Records drawn from a dataset:
-.-.-

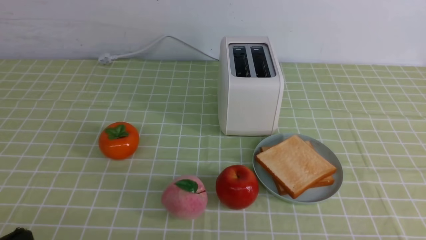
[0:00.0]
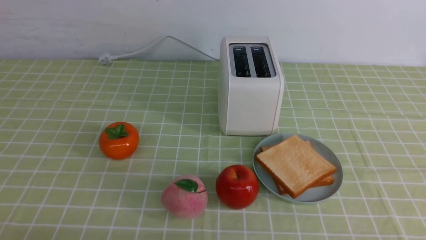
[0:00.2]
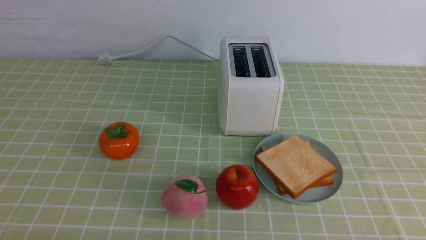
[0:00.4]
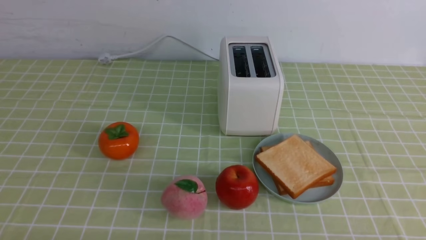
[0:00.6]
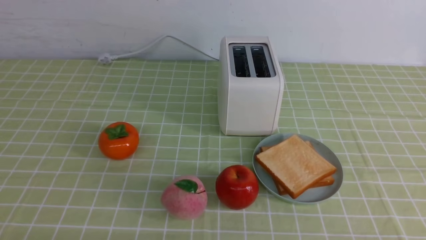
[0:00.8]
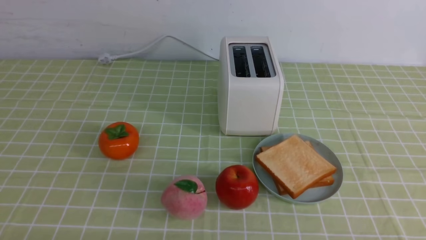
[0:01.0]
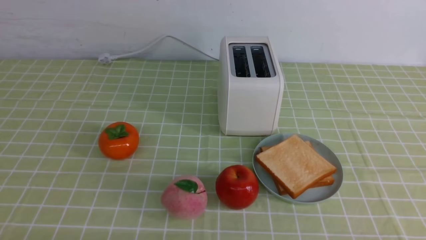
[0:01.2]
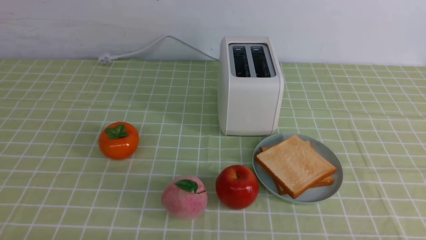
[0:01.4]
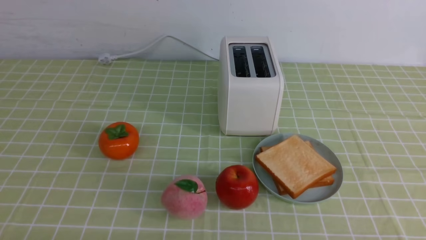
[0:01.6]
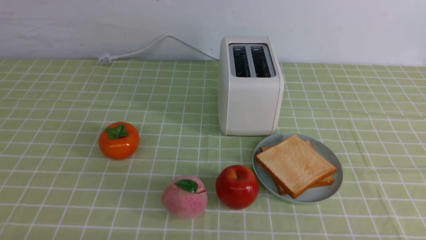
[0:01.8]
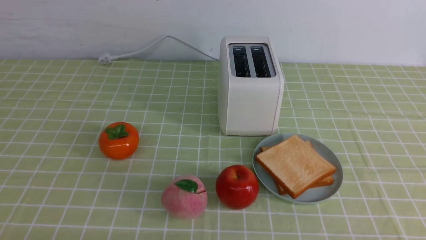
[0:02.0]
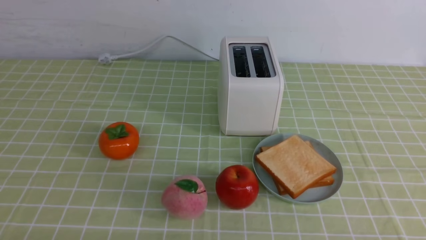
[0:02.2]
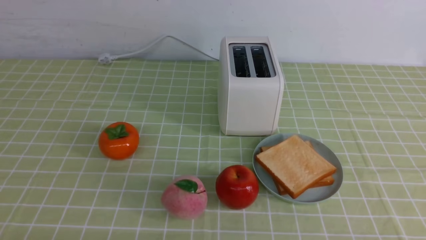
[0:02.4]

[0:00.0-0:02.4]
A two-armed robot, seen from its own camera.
Task of the whole recording: take toasted bread from bread machine on green coffee tablecloth place on plate.
0:01.2 to 0:02.4: Both grippers stay about where they are.

-.-.-

» Work required:
Drop the pictures; repeat each entry above exactly.

» Solution to this exercise:
[0:00.0]
[0:00.2]
[0:00.4]
[0:00.6]
[0:00.8]
[0:01.0]
[0:01.2]
[0:01.4]
[0:01.6]
[0:01.8]
[0:02.0]
[0:02.2]
[0:02.4]

[0:00.0-0:02.4]
A two-armed robot, seen from its own camera.
Task of the whole recording: take toasted bread from bread machine on green coffee tablecloth place on plate.
0:01.2 to 0:02.4: Both grippers stay about where they are.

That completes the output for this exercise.